3. Grace Period in Design Law

In order to be protected under a Community design law a design must be new and have individual character. It is considered new if no identical design has been made available to the public before the unregistered Community design is first disclosed, or before the filing or priority date. Designs are deemed to be identical if their features differ only in immaterial details. A design can be made publicly available by entering it into the channels of commerce, publishing the design, or exhibiting the design so that it becomes known in the normal course of business to the circles specialising in the sector concerned and operating within the Community. However, thanks to the grace period provided by Community legislation, a designer (or his successor in title) can apply for protection up to a year after the first disclosure of a design without his own disclosures counting against the registration.
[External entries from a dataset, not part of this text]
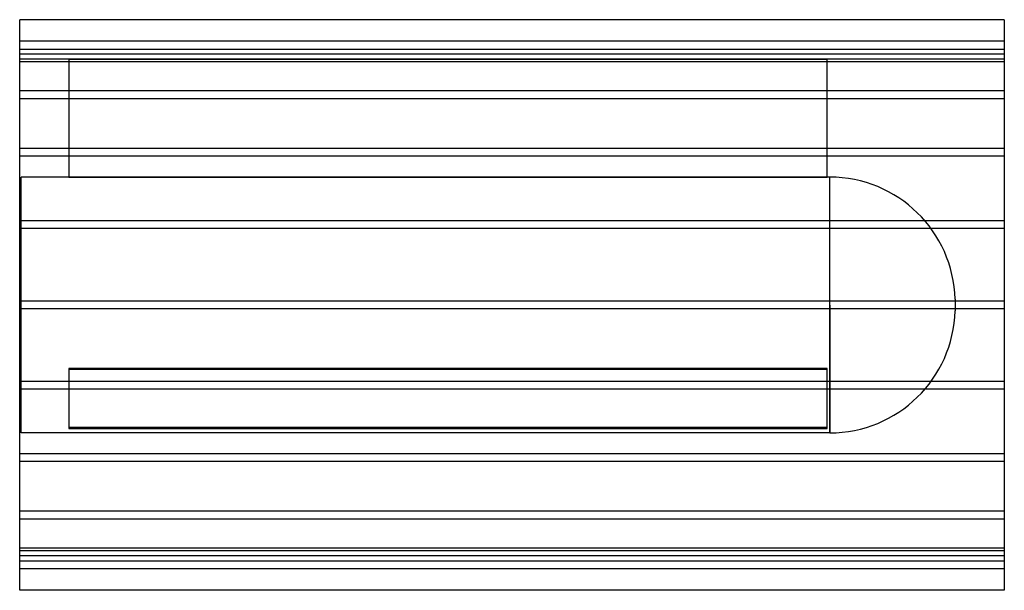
# Model space of a CAD drawing. Header units: millimetres. Extents: x -1250 to 1250, y -725 to 725.
import ezdxf

# ---------------------------------------------------------------- set-up
doc = ezdxf.new("R2010")
doc.units = ezdxf.units.MM
doc.layers.add('HIDDEN', color=7, linetype='Continuous')
doc.layers.add('THICK', color=7, linetype='Continuous')

msp = doc.modelspace()

# ---------------------------------------------------------------- linework, layer by layer
at = {"layer": 'HIDDEN'}
for p, q in [((1250, 670), (-1250, 670)), ((-1250, 650), (1250, 650)), ((1250, 637.7), (-1250, 637.7)), ((1250, 637.7), (-1250, 637.7)), ((-1125, 625), (-1250, 625)), ((-1125, 625), (-1125, 625)), ((800, 625), (800, 625)), ((1250, 625), (800, 625)), ((1250, 617.7), (-1250, 617.7)), ((1250, 617.7), (-1250, 617.7)), ((-1125, 625), (-1125, 325)), ((-1125, 625), (800, 625)), ((800, 625), (-1125, 625)), ((800, 325), (800, 625)), ((1250, 544), (-1250, 544)), ((1250, 544), (-1250, 544)), ((1250, 524), (-1250, 524)), ((1250, 524), (-1250, 524)), ((1250, 397.9), (-1250, 397.9)), ((1250, 397.9), (-1250, 397.9)), ((1250, 377.9), (-1250, 377.9)), ((1250, 377.9), (-1250, 377.9)), ((-1246, 0), (-1246, 325)), ((-1125, 325), (-1246, 325)), ((806.6, 325), (800, 325)), ((806.6, 0), (806.6, 325)), ((800, 325), (-1125, 325)), ((-1125, 325), (800, 325)), ((1250, 214), (-1250, 214)), ((1250, 214), (-1250, 214)), ((1250, 194), (-1250, 194)), ((1250, 194), (-1250, 194)), ((1250, 10), (-1250, 10)), ((1250, 10), (-1250, 10)), ((806.6, 0), (806.6, -325)), ((1125, 14.5), (1125, 0)), ((1250, -10), (-1250, -10)), ((1250, -10), (-1250, -10)), ((-1246, -325), (-1246, 0)), ((806.6, -325), (806.6, 0)), ((1125, 0), (1125, -14.5)), ((-1125, -161.6), (800, -161.6)), ((800, -161.6), (-1125, -161.6)), ((-1125, -161.6), (-1125, -311.6)), ((800, -163.4), (-1125, -163.4)), ((-1125, -163.4), (800, -163.4)), ((800, -311.6), (800, -161.6)), ((1250, -194), (-1250, -194)), ((1250, -194), (-1250, -194)), ((1250, -214), (-1250, -214)), ((1250, -214), (-1250, -214)), ((806.6, -325), (-1246, -325)), ((800, -311.6), (-1125, -311.6)), ((-1125, -311.6), (-1125, -313.4)), ((-1125, -311.6), (800, -311.6)), ((-1125, -313.4), (800, -313.4)), ((800, -313.4), (-1125, -313.4)), ((800, -313.4), (800, -311.6)), ((1250, -377.9), (-1250, -377.9)), ((1250, -377.9), (-1250, -377.9)), ((1250, -397.9), (-1250, -397.9)), ((1250, -397.9), (-1250, -397.9)), ((1250, -524), (-1250, -524)), ((1250, -524), (-1250, -524)), ((1250, -544), (-1250, -544)), ((1250, -544), (-1250, -544)), ((1250, -617.7), (-1250, -617.7)), ((1250, -617.7), (-1250, -617.7)), ((1250, -625), (-1250, -625)), ((1250, -637.7), (-1250, -637.7)), ((1250, -637.7), (-1250, -637.7)), ((-1250, -650), (1250, -650)), ((1250, -670), (-1250, -670))]:
    msp.add_line(p, q, dxfattribs=at)
for centre, start, end in [((806.6, 6.5), 1.4358, 90), ((806.6, -6.5), 270, 358.5642)]:
    msp.add_arc(centre, 318.5, start, end, dxfattribs=at)
at = {"layer": 'THICK'}
for p, q in [((-1250, 0), (-1250, 725)), ((1250, 725), (-1250, 725)), ((1250, 725), (1250, 0)), ((1250, 0), (1250, -725)), ((-1250, -725), (-1250, 0)), ((1250, -725), (-1250, -725))]:
    msp.add_line(p, q, dxfattribs=at)

doc.saveas('drawing.dxf')

All disclosures made by third parties throuhg an abuse of the relationship with the designer are also excluded from the assessment of novelty of the design. This grace period makes it possible for the designer or his successor in title to test the products embodying the design in the marketplace before deciding whether the protection resulting from a registered Community design is desirable. Due to harmonisation of the Community design law through Directive 98/71/EC, all the EU countries should have the same grace period regulation in their national design law regulation.


4. Grace Period in Utility Model Law

Some countries which provide protection of utility models do not provide a grace period (e.g. Poland). Other countries (e.g. Germany, Austria, the Czech Republic and Hungary) provide for a general six-month grace period to file a utility model after the disclosure of an invention.